C’était le niveau éthique personnel. Il y a aussi le niveau de la justice sociale, qui est très important : « Les stratégies sanitaires, destinées à la poursuite de la justice et du bien commun, doivent être économiquement et éthiquement durables ». (3) Certes, dans le Service de santé national italien, une grande place est donnée à l’universalité de l’accès aux soins, mais le pharmacien – même dans les hiérarchies de gestion et d’administration – n’est pas un simple exécutant. C’est pourquoi les critères de gestion et financiers ne sont pas le seul élément à prendre en considération. La culture du rebut ne doit pas porter atteinte à votre profession. Et sur ce point également il faut toujours être vigilant. « Dieu notre Père a confié la tâche de prendre soin de la terre non pas à l’argent, mais à nous : aux hommes et aux femmes. C’est notre tâche ! Au contraire, des hommes et des femmes sont sacrifiés aux idoles du profit et de la consommation : c’est la « culture du rebut » ». (4) Chez les personnes âgées aussi : donner la moitié des médicaments et ainsi, on écourte la vie… C’est une mise au rebut, oui. Cette observation qui, à l’origine, se référait à l’environnement, vaut à plus forte raison pour la santé de l’être humain.
La gestion des ressources et l’attention à ne pas gaspiller ce qui est confié aux mains de chaque pharmacien revêtent une signification non seulement économique mais éthique, ou plutôt, humaine, très humaine. Pensons à l’attention aux détails, à l’acquisition et au stockage des produits, à leur utilisation correcte et à leur acheminement vers ceux qui en ont un besoin urgent. Pensons à la relation avec les différents acteurs – les chefs de service, les infirmiers, les médecins et les anesthésistes – et avec toutes les structures impliquées.
Je vous remercie pour cette visite et je souhaite que vous puissiez continuer votre métier si humain, si digne, si grand et bien souvent tellement silencieux que personne ne s’en aperçoit.
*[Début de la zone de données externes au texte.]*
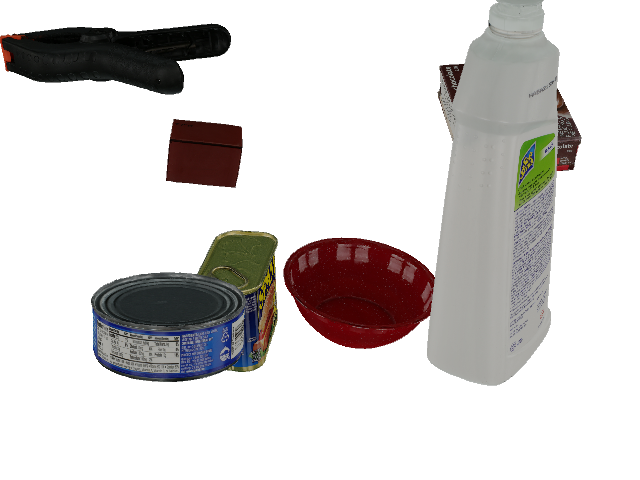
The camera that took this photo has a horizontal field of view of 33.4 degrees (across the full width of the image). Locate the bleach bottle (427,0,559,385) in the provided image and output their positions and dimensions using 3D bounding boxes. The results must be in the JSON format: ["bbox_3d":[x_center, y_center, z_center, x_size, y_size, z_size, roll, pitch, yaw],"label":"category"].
[{"bbox_3d":[0.116,-0.035,0.673,0.068,0.251,0.102,18,36,26],"label":"bleach bottle"}]

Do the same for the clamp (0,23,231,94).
[{"bbox_3d":[-0.154,-0.142,0.804,0.172,0.039,0.120,10,22,20],"label":"clamp"}]

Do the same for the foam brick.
[{"bbox_3d":[-0.125,-0.095,1.155,0.078,0.051,0.053,6,30,-6],"label":"foam brick"}]

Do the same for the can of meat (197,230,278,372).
[{"bbox_3d":[-0.069,0.052,0.925,0.057,0.084,0.102,3,29,8],"label":"can of meat"}]

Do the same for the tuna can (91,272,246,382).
[{"bbox_3d":[-0.085,0.048,0.601,0.086,0.034,0.086,2,17,-1],"label":"tuna can"}]

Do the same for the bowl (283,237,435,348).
[{"bbox_3d":[0.039,0.062,1.098,0.162,0.055,0.162,6,32,-4],"label":"bowl"}]

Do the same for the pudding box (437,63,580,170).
[{"bbox_3d":[0.150,-0.101,0.866,0.090,0.039,0.113,-5,43,-6],"label":"pudding box"}]
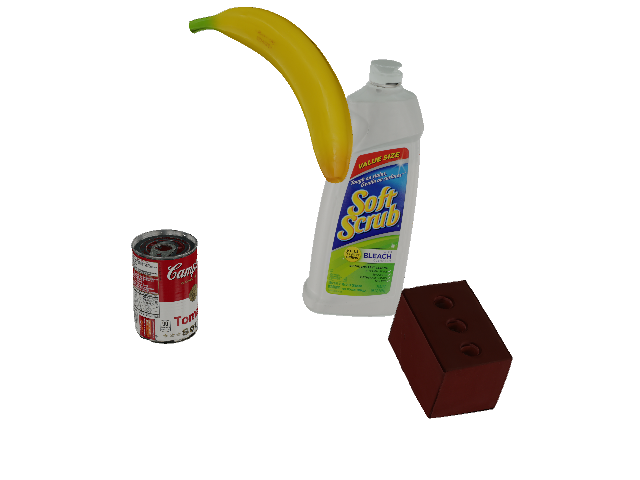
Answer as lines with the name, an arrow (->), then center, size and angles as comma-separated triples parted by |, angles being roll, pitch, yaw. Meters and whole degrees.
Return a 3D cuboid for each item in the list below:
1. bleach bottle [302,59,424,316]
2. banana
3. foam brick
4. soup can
bleach bottle -> 0.043, -0.051, 1.039 | 0.102, 0.251, 0.068 | 3, 23, -5
banana -> -0.024, -0.133, 0.881 | 0.069, 0.198, 0.037 | -43, -20, 4
foam brick -> 0.088, 0.075, 0.736 | 0.052, 0.051, 0.078 | -7, 45, -21
soup can -> -0.162, 0.049, 1.118 | 0.068, 0.102, 0.068 | 2, 24, -1
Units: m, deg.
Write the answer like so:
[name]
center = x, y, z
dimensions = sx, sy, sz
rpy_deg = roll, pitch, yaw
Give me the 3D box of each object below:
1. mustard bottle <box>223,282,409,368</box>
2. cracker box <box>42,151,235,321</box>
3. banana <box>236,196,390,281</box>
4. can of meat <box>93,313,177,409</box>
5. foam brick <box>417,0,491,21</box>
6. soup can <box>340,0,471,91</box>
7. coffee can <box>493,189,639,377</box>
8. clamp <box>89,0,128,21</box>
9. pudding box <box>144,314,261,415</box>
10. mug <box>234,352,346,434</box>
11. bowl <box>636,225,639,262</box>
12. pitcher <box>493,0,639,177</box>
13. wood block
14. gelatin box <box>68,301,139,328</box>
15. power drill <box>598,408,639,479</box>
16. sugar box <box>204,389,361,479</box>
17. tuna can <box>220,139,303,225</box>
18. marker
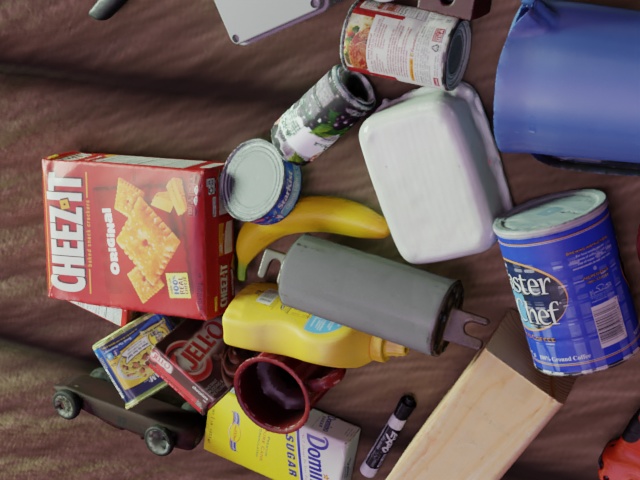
[mustard bottle]
center = 0.002, 0.092, 1.110
dimensions = 0.192, 0.096, 0.058
rpy_deg = 10, 115, 25
[cracker box]
center = -0.200, -0.008, 1.172
dimensions = 0.214, 0.072, 0.164
rpy_deg = 6, 102, 24
[banana]
center = -0.019, -0.013, 1.113
dimensions = 0.198, 0.037, 0.069
rpy_deg = -17, 112, 34
[can of meat]
center = -0.202, 0.134, 1.243
dimensions = 0.102, 0.057, 0.084
rpy_deg = -31, 93, -7
[foam brick]
center = 0.122, -0.236, 0.925
dimensions = 0.053, 0.051, 0.078
rpy_deg = 18, 119, 21
[soup can]
center = 0.078, -0.177, 0.966
dimensions = 0.102, 0.068, 0.068
rpy_deg = 15, 118, 21
[coffee can]
center = 0.224, 0.037, 0.959
dimensions = 0.103, 0.102, 0.140
rpy_deg = -10, 106, 32
[clamp]
center = -0.164, -0.315, 1.057
dimensions = 0.210, 0.036, 0.164
rpy_deg = -5, 108, 28
[pudding box]
center = -0.125, 0.129, 1.186
dimensions = 0.090, 0.113, 0.039
rpy_deg = 41, 128, 7
[mug]
center = -0.024, 0.149, 1.158
dimensions = 0.117, 0.081, 0.093
rpy_deg = -14, 104, 33
[bowl]
center = 0.342, 0.029, 0.893
dimensions = 0.162, 0.055, 0.162
rpy_deg = 17, 136, 18
[pitcher]
center = 0.270, -0.114, 0.863
dimensions = 0.243, 0.149, 0.145
rpy_deg = 11, 101, 21
[wood block]
center = 0.162, 0.183, 1.065
dimensions = 0.090, 0.090, 0.206
rpy_deg = 36, 124, 9
[gelatin box]
center = -0.256, 0.055, 1.276
dimensions = 0.089, 0.030, 0.073
rpy_deg = 24, 122, 18
[power drill]
center = 0.356, 0.177, 0.978
dimensions = 0.184, 0.057, 0.188
rpy_deg = 32, 120, 17
[sugar box]
center = -0.046, 0.229, 1.228
dimensions = 0.176, 0.048, 0.093
rpy_deg = 20, 119, 22
[tuna can]
center = -0.060, -0.059, 1.093
dimensions = 0.086, 0.033, 0.086
rpy_deg = -8, 76, 37
[marker]
center = 0.075, 0.215, 1.171
dimensions = 0.020, 0.020, 0.121
rpy_deg = 33, 123, 12
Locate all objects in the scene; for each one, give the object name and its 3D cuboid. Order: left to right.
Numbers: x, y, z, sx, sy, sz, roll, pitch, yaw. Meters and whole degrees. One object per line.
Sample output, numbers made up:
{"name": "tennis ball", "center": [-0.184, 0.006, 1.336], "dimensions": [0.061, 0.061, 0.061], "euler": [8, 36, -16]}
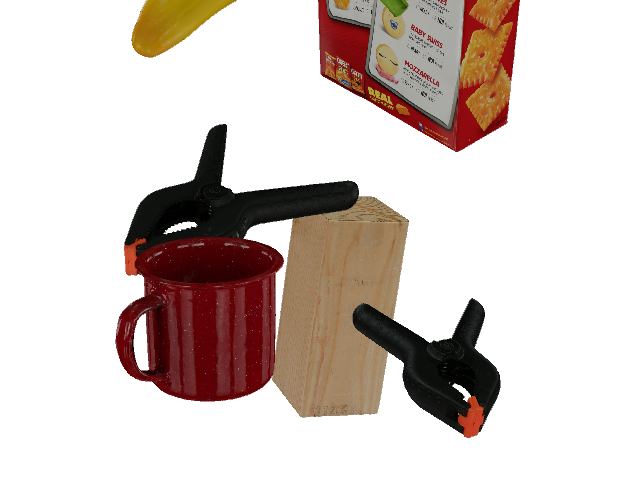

Merci beaucoup ! Que Dieu vous bénisse tous. Et priez pour moi. Merci !
______________
[1] Cf. Conseil pontifical pour la Pastorale de la Santé, Nouvelle Charte des Personnels de la Santé (2017), n. 60.
[2] Cf. Conférence de presse pendant le vol de retour de Bratislava (15 septembre 2021).
[3] Cf. Conseil pontifical pour la Pastorale de la Santé, Nouvelle Charte des Personnels de la Santé (2017), n. 92.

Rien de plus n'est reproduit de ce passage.